Friday evening when I left the newsroom, I couldn’t shake the feeling that something was wrong, that I was leaving something behind, or that maybe this was one of those rare times in life when significant, life-altering events take place.
I’ve left a couple of jobs over the years, places I enjoyed working but left for family reasons, or for an opportunity to pursue a promotion. At those times I always felt a sense of excitement, of anticipation, but that was tempered somewhat with the idea I was leaving behind a piece of my life, people and places that had become important to me.
Friday I felt like that, without the excitement, just the feeling of impending loss, a bit of trepidation for what might be coming, the sense that change and uncertainty was in the air. Driving home it struck me why I felt that way.
Part of my life — a major part of who I have been the past 22 years — is ending.
As you read this I’ll be in Charlottesville, Va., saying good-bye to my 20-year-old daughter. We spent the weekend taking her to her new home at the University of Virginia. Yes, I know I wrote about this last week, and I do try to stay away from writing about my family in this column, but if you’ll indulge me one more time. Well, maybe two more, because I’m sure I’ll have something else along these lines to write about in a couple of weeks, when my 21-year-old (soon to be 22) is married.
I’m certain there are a goodly number of parents in our community who can identify with what I’m feeling, seeing your young ones take off on their own, especially at this time of year when college freshmen make their first sojourn away from home. For me, it’s doubly so, with both leaving so close together.
I suppose that’s the way it should be. These two girls have been together for their entire lives — they went to camp together, summer mission trips, even worked together at a local restaurant before moving on to work together at a local fast food establishment.
They’ve done triathlons together, swim team, 5Ks, played on the same basketball and soccer teams and attended community college together the past two years. Their interests did diverge a bit in high school, with Erica, the older one, continuing on in basketball (played on a two-time state championship team) while Mary Catherine, the younger one, stepped out of sports.
Like all parents, I’m going to worry. For Mary Catherine, I’ll always wonder if she’s eating right, if she’s taking care of herself, if she has enough money, if she’s working too hard, if she has anyone waiting up for her to ensure she arrives home safely, if she’s lonely and homesick, if her classes are going well, if she’s made friends (and the right kind). With Erica, the fact that she’s marrying a fine young man I’m proud to welcome into the family will alleviate some of my worry. I’ll still be concerned that she and her soon-to-be husband, Andrew, have enough money, that their cars are running okay, that the neighborhood they live in is safe, that they’ll find work, that she will still finish school, that they’ll make it back this way to live as they hope.

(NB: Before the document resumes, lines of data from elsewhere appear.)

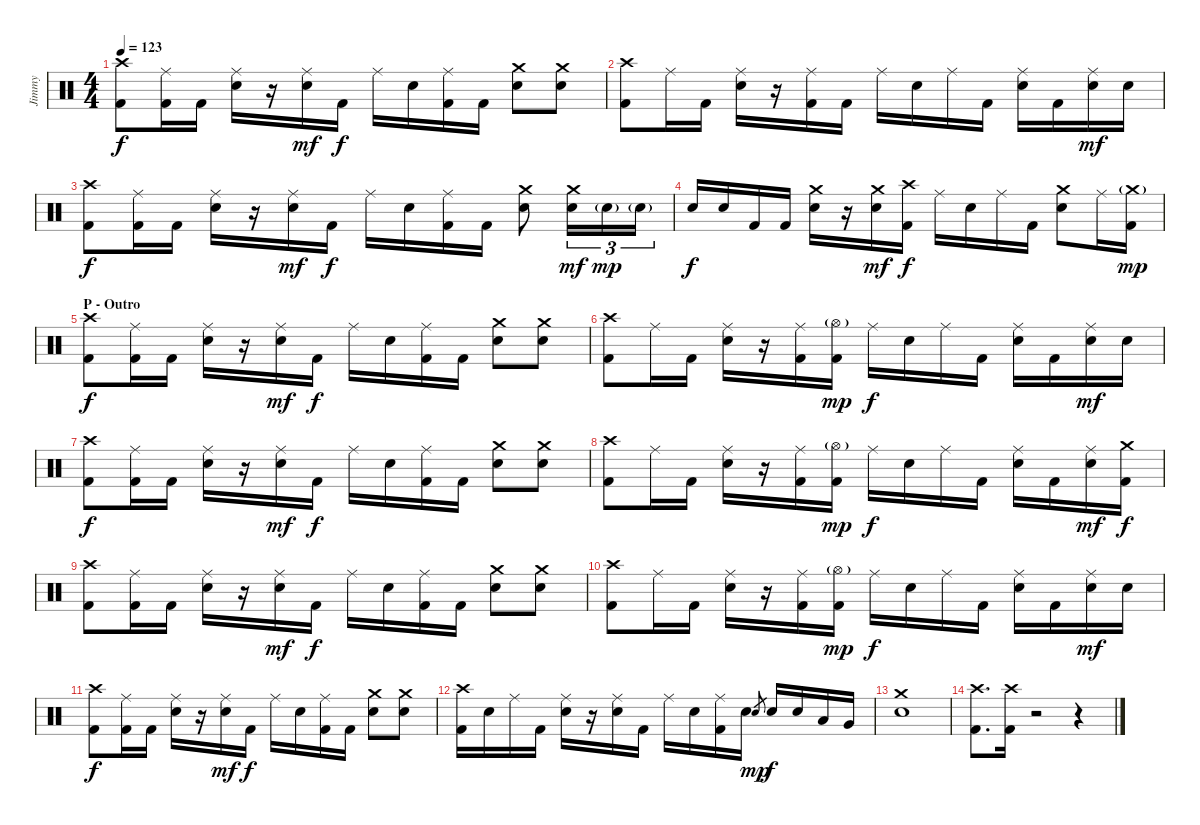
\track ("Jimmy" "Jimmy") {instrument percussion}
\staff {score}
\articulation defaults
\ts (4 4)
\tempo 123
\clef neutral
\ks c
("Crash high (hit)" "Kick (hit) 2").8{dy f} ("Ride (middle)" "Kick (hit) 2").16 "Kick (hit) 2".16 ("Ride (middle)" "Electric Snare (hit)").16 r.16 ("Ride (middle)" "Electric Snare (hit)").16{dy mf} "Kick (hit) 2".16{dy f} "Ride (middle)".16 "Electric Snare (hit)".16 ("Ride (middle)" "Kick (hit) 2").16 "Kick (hit) 2".16 ("Crash medium (hit)" "Electric Snare (hit)").8 ("Crash medium (hit)" "Electric Snare (hit)").8 |
("Crash high (hit)" "Kick (hit) 2").8 "Ride (middle)".16 "Kick (hit) 2".16 ("Ride (middle)" "Electric Snare (hit)").16 r.16 ("Ride (middle)" "Kick (hit) 2").16 "Kick (hit) 2".16 "Ride (middle)".16 "Electric Snare (hit)".16 "Ride (middle)".16 "Kick (hit) 2".16 ("Ride (middle)" "Electric Snare (hit)").16 "Kick (hit) 2".16 ("Ride (middle)" "Electric Snare (hit)").16{dy mf} "Electric Snare (hit)".16 |
("Crash high (hit)" "Kick (hit) 2").8{dy f} ("Ride (middle)" "Kick (hit) 2").16 "Kick (hit) 2".16 ("Ride (middle)" "Electric Snare (hit)").16 r.16 ("Ride (middle)" "Electric Snare (hit)").16{dy mf} "Kick (hit) 2".16{dy f} "Ride (middle)".16 "Electric Snare (hit)".16 ("Ride (middle)" "Kick (hit) 2").16 "Kick (hit) 2".16 ("Crash medium (hit)" "Electric Snare (hit)").8 ("Crash medium (hit)" "Electric Snare (hit)").16{tu (3 2) dy mf} "Electric Snare (hit)"{g}.16{tu (3 2) dy mp} "Electric Snare (hit)"{g}.16{tu (3 2)} |
"Electric Snare (hit)".16{dy f} "Electric Snare (hit)".16 "Kick (hit) 2".16 "Kick (hit) 2".16 ("Crash medium (hit)" "Electric Snare (hit)").16 r.16 ("Crash medium (hit)" "Electric Snare (hit)").16{dy mf} ("Crash high (hit)" "Kick (hit) 2").16{dy f} "Ride (middle)".16 "Electric Snare (hit)".16 "Ride (middle)".16 "Kick (hit) 2".16 ("Crash medium (hit)" "Electric Snare (hit)").8 "Ride (middle)".16 ("Crash medium (hit)"{g} "Kick (hit) 2").16{dy mp} |
\section ("" "P - Outro")
("Crash high (hit)" "Kick (hit) 2").8{dy f} ("Ride (middle)" "Kick (hit) 2").16 "Kick (hit) 2".16 ("Ride (middle)" "Electric Snare (hit)").16 r.16 ("Ride (middle)" "Electric Snare (hit)").16{dy mf} "Kick (hit) 2".16{dy f} "Ride (middle)".16 "Electric Snare (hit)".16 ("Ride (middle)" "Kick (hit) 2").16 "Kick (hit) 2".16 ("Crash medium (hit)" "Electric Snare (hit)").8 ("Crash medium (hit)" "Electric Snare (hit)").8 |
("Crash high (hit)" "Kick (hit) 2").8 "Ride (middle)".16 "Kick (hit) 2".16 ("Ride (middle)" "Electric Snare (hit)").16 r.16 ("Ride (middle)" "Kick (hit) 2").16 ("Hi-Hat (open)"{g} "Kick (hit) 2").16{dy mp} "Ride (middle)".16{dy f} "Electric Snare (hit)".16 "Ride (middle)".16 "Kick (hit) 2".16 ("Ride (middle)" "Electric Snare (hit)").16 "Kick (hit) 2".16 ("Ride (middle)" "Electric Snare (hit)").16{dy mf} "Electric Snare (hit)".16 |
("Crash high (hit)" "Kick (hit) 2").8{dy f} ("Ride (middle)" "Kick (hit) 2").16 "Kick (hit) 2".16 ("Ride (middle)" "Electric Snare (hit)").16 r.16 ("Ride (middle)" "Electric Snare (hit)").16{dy mf} "Kick (hit) 2".16{dy f} "Ride (middle)".16 "Electric Snare (hit)".16 ("Ride (middle)" "Kick (hit) 2").16 "Kick (hit) 2".16 ("Crash medium (hit)" "Electric Snare (hit)").8 ("Crash medium (hit)" "Electric Snare (hit)").8 |
("Crash high (hit)" "Kick (hit) 2").8 "Ride (middle)".16 "Kick (hit) 2".16 ("Ride (middle)" "Electric Snare (hit)").16 r.16 ("Ride (middle)" "Kick (hit) 2").16 ("Hi-Hat (open)"{g} "Kick (hit) 2").16{dy mp} "Ride (middle)".16{dy f} "Electric Snare (hit)".16 "Ride (middle)".16 "Kick (hit) 2".16 ("Ride (middle)" "Electric Snare (hit)").16 "Kick (hit) 2".16 ("Ride (middle)" "Electric Snare (hit)").16{dy mf} ("Crash medium (hit)" "Kick (hit) 2").16{dy f} |
("Crash high (hit)" "Kick (hit) 2").8 ("Ride (middle)" "Kick (hit) 2").16 "Kick (hit) 2".16 ("Ride (middle)" "Electric Snare (hit)").16 r.16 ("Ride (middle)" "Electric Snare (hit)").16{dy mf} "Kick (hit) 2".16{dy f} "Ride (middle)".16 "Electric Snare (hit)".16 ("Ride (middle)" "Kick (hit) 2").16 "Kick (hit) 2".16 ("Crash medium (hit)" "Electric Snare (hit)").8 ("Crash medium (hit)" "Electric Snare (hit)").8 |
("Crash high (hit)" "Kick (hit) 2").8 "Ride (middle)".16 "Kick (hit) 2".16 ("Ride (middle)" "Electric Snare (hit)").16 r.16 ("Ride (middle)" "Kick (hit) 2").16 ("Hi-Hat (open)"{g} "Kick (hit) 2").16{dy mp} "Ride (middle)".16{dy f} "Electric Snare (hit)".16 "Ride (middle)".16 "Kick (hit) 2".16 ("Ride (middle)" "Electric Snare (hit)").16 "Kick (hit) 2".16 ("Ride (middle)" "Electric Snare (hit)").16{dy mf} "Electric Snare (hit)".16 |
("Crash high (hit)" "Kick (hit) 2").8{dy f} ("Ride (middle)" "Kick (hit) 2").16 "Kick (hit) 2".16 ("Ride (middle)" "Electric Snare (hit)").16 r.16 ("Ride (middle)" "Electric Snare (hit)").16{dy mf} "Kick (hit) 2".16{dy f} "Ride (middle)".16 "Electric Snare (hit)".16 ("Ride (middle)" "Kick (hit) 2").16 "Kick (hit) 2".16 ("Crash medium (hit)" "Electric Snare (hit)").8 ("Crash medium (hit)" "Electric Snare (hit)").8 |
("Crash high (hit)" "Kick (hit) 2").16 "Electric Snare (hit)".16 "Ride (middle)".16 "Kick (hit) 2".16 ("Ride (middle)" "Electric Snare (hit)").16 r.16 ("Ride (middle)" "Electric Snare (hit)").16 "Kick (hit) 2".16 "Ride (middle)".16 "Electric Snare (hit)".16 ("Ride (middle)" "Kick (hit) 2").16 "Electric Snare (hit)".16 "Electric Snare (hit)".8{gr dy mp} "Electric Snare (hit)".16{dy f} "Electric Snare (hit)".16 "Low Tom (hit)".16 "Very Low Tom (hit)".16 |
("Crash medium (hit)" "Electric Snare (hit)").1 |
("Crash high (hit)" "Kick (hit) 2").8{d} ("Crash high (hit)" "Kick (hit) 2").16 r.2 r.4
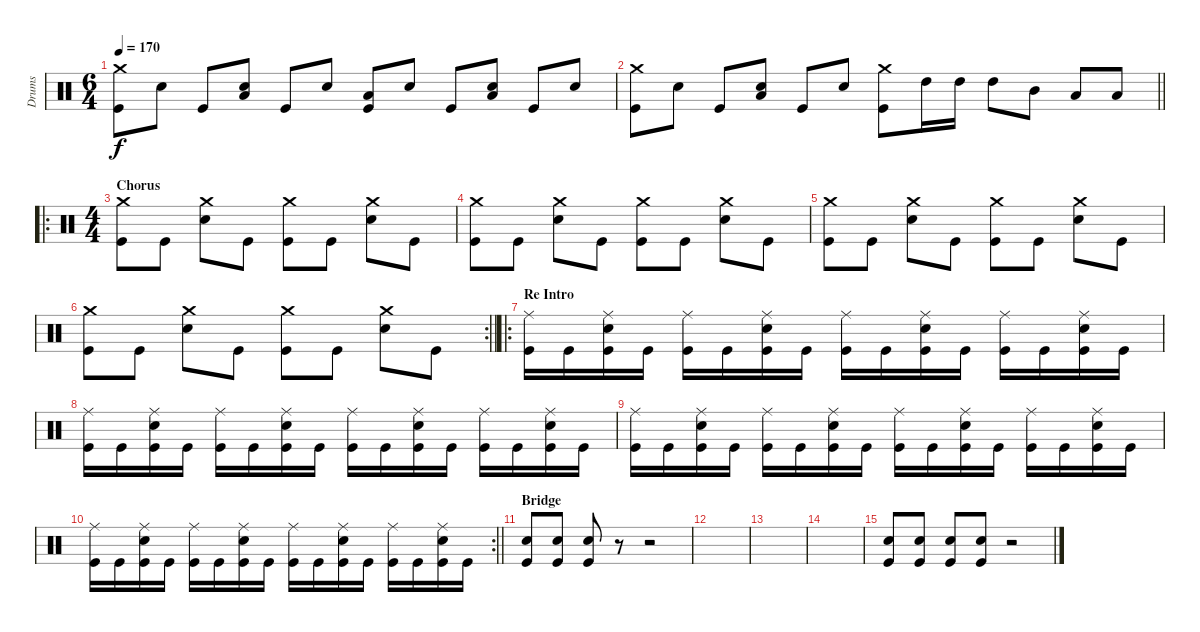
\track ("Drums" "Drums") {instrument percussion}
\staff {score}
\articulation defaults
\ts (6 4)
\tempo 170
\clef neutral
\ks c
("Crash medium (hit)" "Kick (hit)").8{dy f} "Snare (hit) 2".8 "Kick (hit)".8 ("Snare (hit) 2" "Low Floor Tom (hit)").8 "Kick (hit)".8 "Snare (hit) 2".8 ("Low Floor Tom (hit)" "Kick (hit)").8 "Snare (hit) 2".8 "Kick (hit)".8 ("Snare (hit) 2" "Low Floor Tom (hit)").8 "Kick (hit)".8 "Snare (hit) 2".8 |
\barLineRight lightlight
("Crash medium (hit)" "Kick (hit)").8 "Snare (hit) 2".8 "Kick (hit)".8 ("Snare (hit) 2" "Low Floor Tom (hit)").8 "Kick (hit)".8 "Snare (hit) 2".8 ("Crash medium (hit)" "Kick (hit)").8 "High Tom (hit)".16 "High Tom (hit)".16 "High Tom (hit)".8 "Mid Tom (hit)".8 "Low Tom (hit)".8 "Low Floor Tom (hit)".8 |
\ro
\ts (4 4)
\section ("" "Chorus")
("Crash medium (hit)" "Kick (hit)").8 "Kick (hit)".8 ("Crash medium (hit)" "Snare (hit) 2").8 "Kick (hit)".8 ("Crash medium (hit)" "Kick (hit)").8 "Kick (hit)".8 ("Crash medium (hit)" "Snare (hit) 2").8 "Kick (hit)".8 |
("Crash medium (hit)" "Kick (hit)").8 "Kick (hit)".8 ("Crash medium (hit)" "Snare (hit) 2").8 "Kick (hit)".8 ("Crash medium (hit)" "Kick (hit)").8 "Kick (hit)".8 ("Crash medium (hit)" "Snare (hit) 2").8 "Kick (hit)".8 |
("Crash medium (hit)" "Kick (hit)").8 "Kick (hit)".8 ("Crash medium (hit)" "Snare (hit) 2").8 "Kick (hit)".8 ("Crash medium (hit)" "Kick (hit)").8 "Kick (hit)".8 ("Crash medium (hit)" "Snare (hit) 2").8 "Kick (hit)".8 |
\rc 2
\barLineRight lightlight
("Crash medium (hit)" "Kick (hit)").8 "Kick (hit)".8 ("Crash medium (hit)" "Snare (hit) 2").8 "Kick (hit)".8 ("Crash medium (hit)" "Kick (hit)").8 "Kick (hit)".8 ("Crash medium (hit)" "Snare (hit) 2").8 "Kick (hit)".8 |
\ro
\section ("" "Re Intro")
("Ride (middle)" "Kick (hit)").16 "Kick (hit)".16 ("Ride (middle)" "Snare (hit) 2" "Kick (hit)").16 "Kick (hit)".16 ("Ride (middle)" "Kick (hit)").16 "Kick (hit)".16 ("Ride (middle)" "Snare (hit) 2" "Kick (hit)").16 "Kick (hit)".16 ("Ride (middle)" "Kick (hit)").16 "Kick (hit)".16 ("Ride (middle)" "Snare (hit) 2" "Kick (hit)").16 "Kick (hit)".16 ("Ride (middle)" "Kick (hit)").16 "Kick (hit)".16 ("Ride (middle)" "Snare (hit) 2" "Kick (hit)").16 "Kick (hit)".16 |
("Ride (middle)" "Kick (hit)").16 "Kick (hit)".16 ("Ride (middle)" "Snare (hit) 2" "Kick (hit)").16 "Kick (hit)".16 ("Ride (middle)" "Kick (hit)").16 "Kick (hit)".16 ("Ride (middle)" "Snare (hit) 2" "Kick (hit)").16 "Kick (hit)".16 ("Ride (middle)" "Kick (hit)").16 "Kick (hit)".16 ("Ride (middle)" "Snare (hit) 2" "Kick (hit)").16 "Kick (hit)".16 ("Ride (middle)" "Kick (hit)").16 "Kick (hit)".16 ("Ride (middle)" "Snare (hit) 2" "Kick (hit)").16 "Kick (hit)".16 |
("Ride (middle)" "Kick (hit)").16 "Kick (hit)".16 ("Ride (middle)" "Snare (hit) 2" "Kick (hit)").16 "Kick (hit)".16 ("Ride (middle)" "Kick (hit)").16 "Kick (hit)".16 ("Ride (middle)" "Snare (hit) 2" "Kick (hit)").16 "Kick (hit)".16 ("Ride (middle)" "Kick (hit)").16 "Kick (hit)".16 ("Ride (middle)" "Snare (hit) 2" "Kick (hit)").16 "Kick (hit)".16 ("Ride (middle)" "Kick (hit)").16 "Kick (hit)".16 ("Ride (middle)" "Snare (hit) 2" "Kick (hit)").16 "Kick (hit)".16 |
\rc 2
\barLineRight lightlight
("Ride (middle)" "Kick (hit)").16 "Kick (hit)".16 ("Ride (middle)" "Snare (hit) 2" "Kick (hit)").16 "Kick (hit)".16 ("Ride (middle)" "Kick (hit)").16 "Kick (hit)".16 ("Ride (middle)" "Snare (hit) 2" "Kick (hit)").16 "Kick (hit)".16 ("Ride (middle)" "Kick (hit)").16 "Kick (hit)".16 ("Ride (middle)" "Snare (hit) 2" "Kick (hit)").16 "Kick (hit)".16 ("Ride (middle)" "Kick (hit)").16 "Kick (hit)".16 ("Ride (middle)" "Snare (hit) 2" "Kick (hit)").16 "Kick (hit)".16 |
\section ("" "Bridge")
("Snare (hit) 2" "Kick (hit)").8 ("Snare (hit) 2" "Kick (hit)").8 ("Snare (hit) 2" "Kick (hit)").8 r.8 r.2 |
|
|
|
("Snare (hit) 2" "Kick (hit)").8 ("Snare (hit) 2" "Kick (hit)").8 ("Snare (hit) 2" "Kick (hit)").8 ("Snare (hit) 2" "Kick (hit)").8 r.2
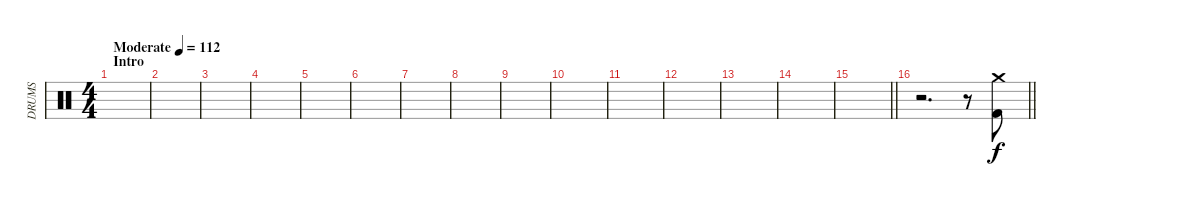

Believe me, those lists could go on and on, but I think you understand what I’m saying.
With the two of them moving out, it’s really hit me in the past couple of days that this truly is the ending of a major part of my life. I still have two boys at home — age 18 and soon-to-be 17, as well as a younger daughter, Allison, who is 12. The boys, despite their age, will probably be around a few more years, at least through community college. And my youngest girl may be at home another eight years or so if she follows the community college route, so it’s not as if we’re faced with a suddenly empty nest.
But the days of practical jokes between the kids (or by me on the kids), of talking with them every day, of watching them talk and hang out with and do things for one another as siblings and as close friends, of Jonathan (the oldest boy) trying to trade Mary Catherine for 15 cheeseburgers (or Julian, the youngest of the boys, offering to trade his brother for pizza), are coming to an end.
And I realized Friday, as happy and excited as I am for them and the opportunities they are about to experience, and as sad and worried as I am as a parent, that’s not all that’s bothering me.
I was 24 when Stephanie and I married, old enough to have been out on my own for a few years, but not old enough to really have figured out much in life. Three years later Erica was born, and for the 22 years since then virtually everything I’ve done — every job decision, every move to a new town (or turning down an opportunity to move), how I spend my evenings, how we spend our money, what I might give up so that they might have a little more, what church to attend or not to attend — everything has been based on the kids, on how that decision would affect them.
Sometimes those decisions were right, other times they turned out not to have been the wisest move. I have tried my best to be a good father to them, and sometimes I was a good dad, other times probably not so much, at least not as much as I would have liked.
But now the two oldest are going out on their own, and the next two aren’t all that far behind. Even if the boys stay around for a few years longer, the family dynamic will change now, and I can foresee the time when the kids will all be gone.
Despite the fact I’ll continue to wonder how they are doing, if they have enough, if they need help, the main purpose of my existence for virtually my entire adult life will change, and I’m not entirely sure exactly what that will mean.
I suppose in that regard my kids and I are similar, all of us facing change, stepping out into the unknown.